Auto-detects input shape from normalized hex length. Pass `--separator <s>` to change the joiner (default `-`).

## How it works

1. Input is validated against the requested `HashInput` variant; non-matching shapes return `HumanhashError`.
2. The bytes are read MSB-first as a stream of 11-bit windows.
3. Each 11-bit window indexes the BIP39 wordlist (2048 entries = 2¹¹).
4. Any input bits that don't fill a complete 11-bit window become a hex tail at the end (2-char tail for MD5/SHA-1, 1-char for SHA-256, etc.).
5. Words and the hex tail are joined with the configured separator.

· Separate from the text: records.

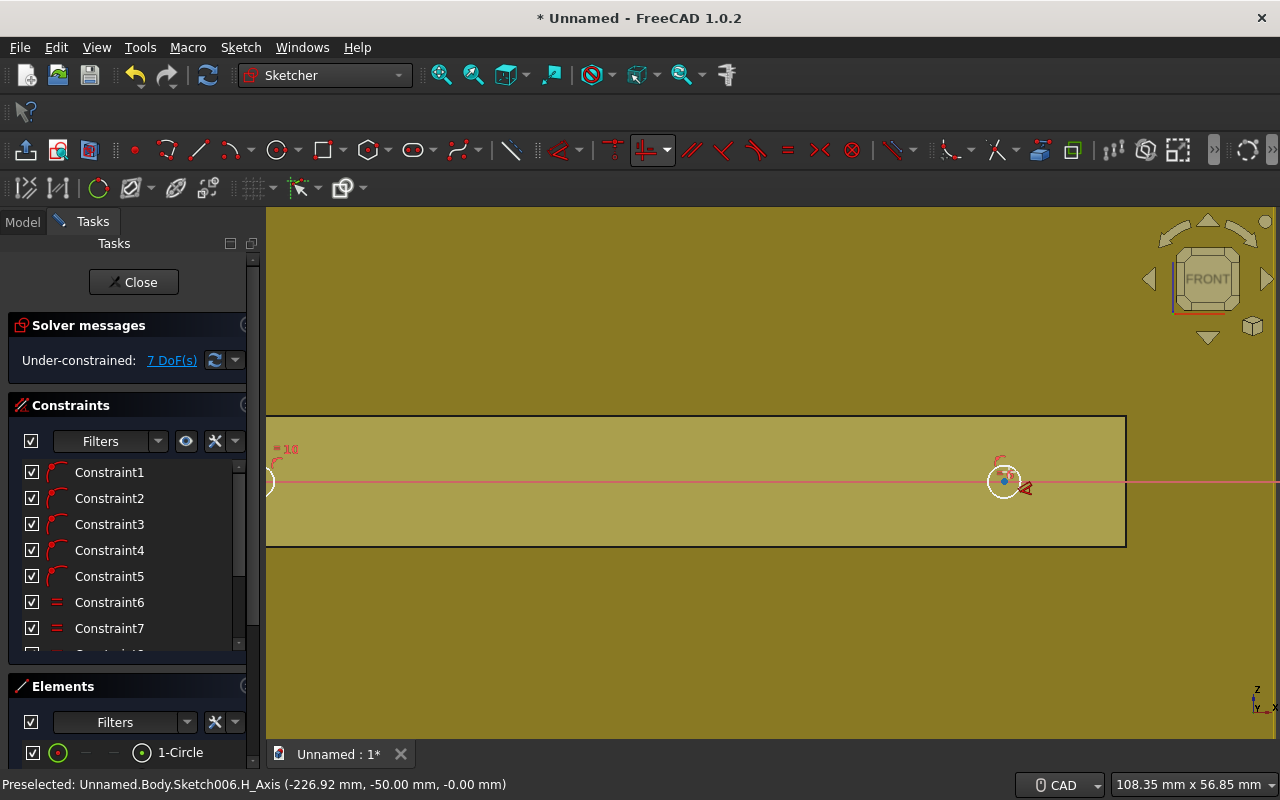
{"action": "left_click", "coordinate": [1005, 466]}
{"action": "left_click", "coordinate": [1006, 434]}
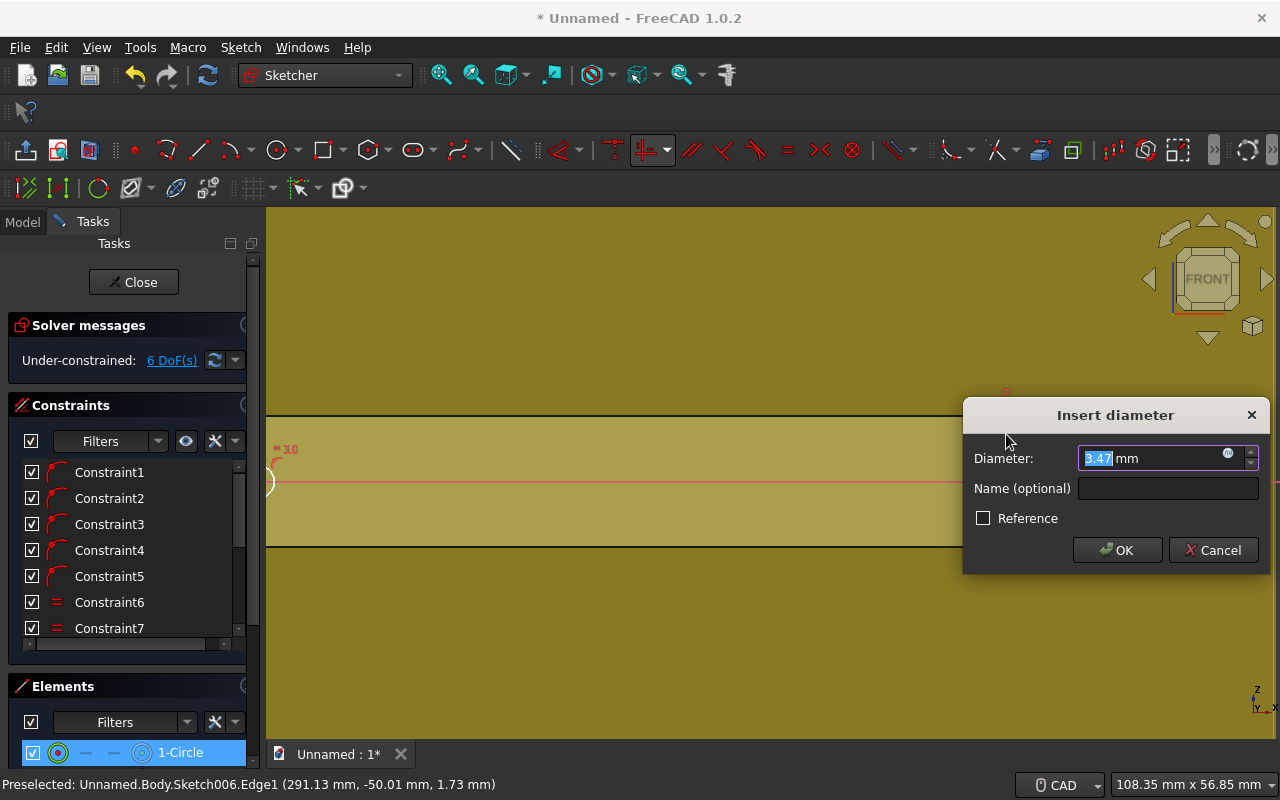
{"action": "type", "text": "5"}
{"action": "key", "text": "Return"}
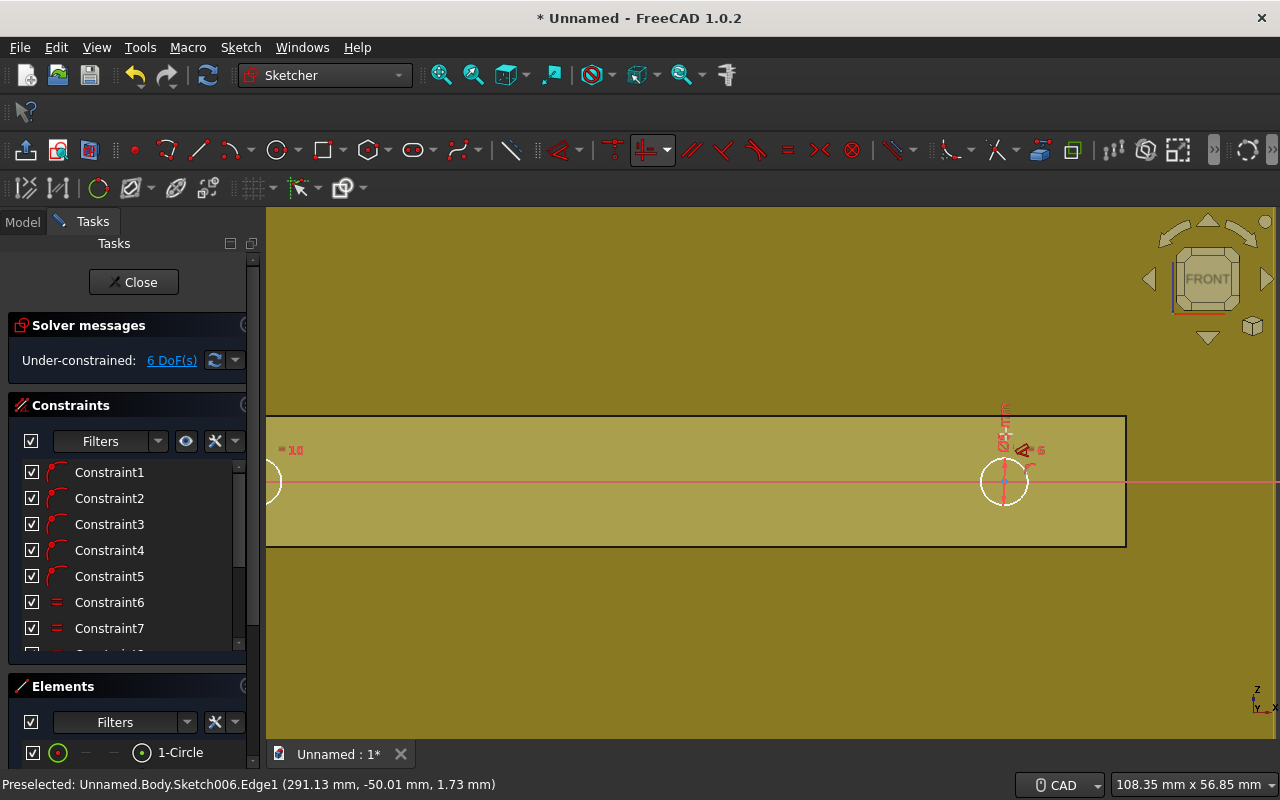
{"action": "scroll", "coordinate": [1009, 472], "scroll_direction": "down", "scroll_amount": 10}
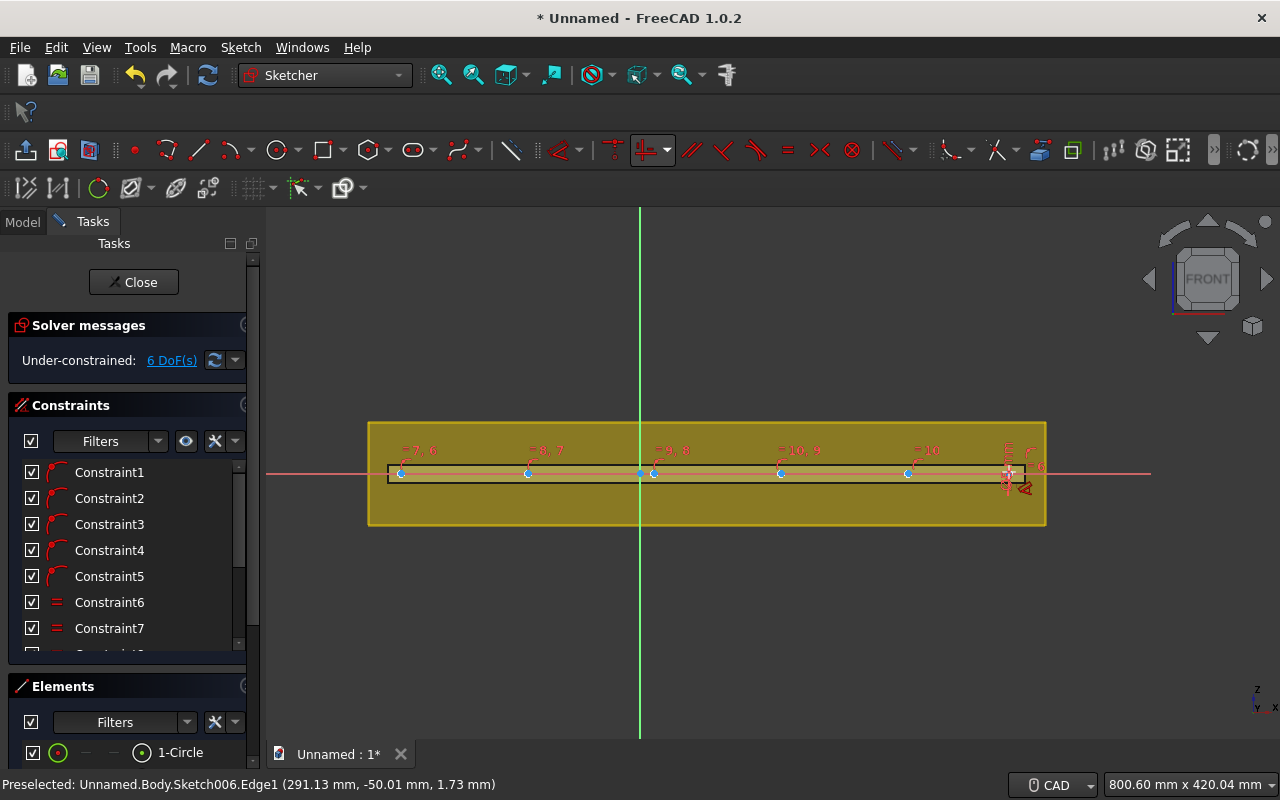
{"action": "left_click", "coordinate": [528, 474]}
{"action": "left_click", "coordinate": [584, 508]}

The mapping is fully deterministic and lossless — the same input always renders the same output, and (in principle) the output is decodable back to the original digest.

## License

[Unlicense](./LICENSE) — public domain. The BIP-0039 wordlist embedded in `dicts/bip39.txt` is itself public domain (CC0). See [NOTICE](./NOTICE) for upstream credit.

## Inspired by

- [zacharyvoase/humanhash]https://github.com/zacharyvoase/humanhash — the original 256-word humanhash. This crate diverges on wordlist (BIP39 / 2048), lossless encoding (preserves every input bit), and typed input enum, but the spirit of "hashes that read like English" is the same.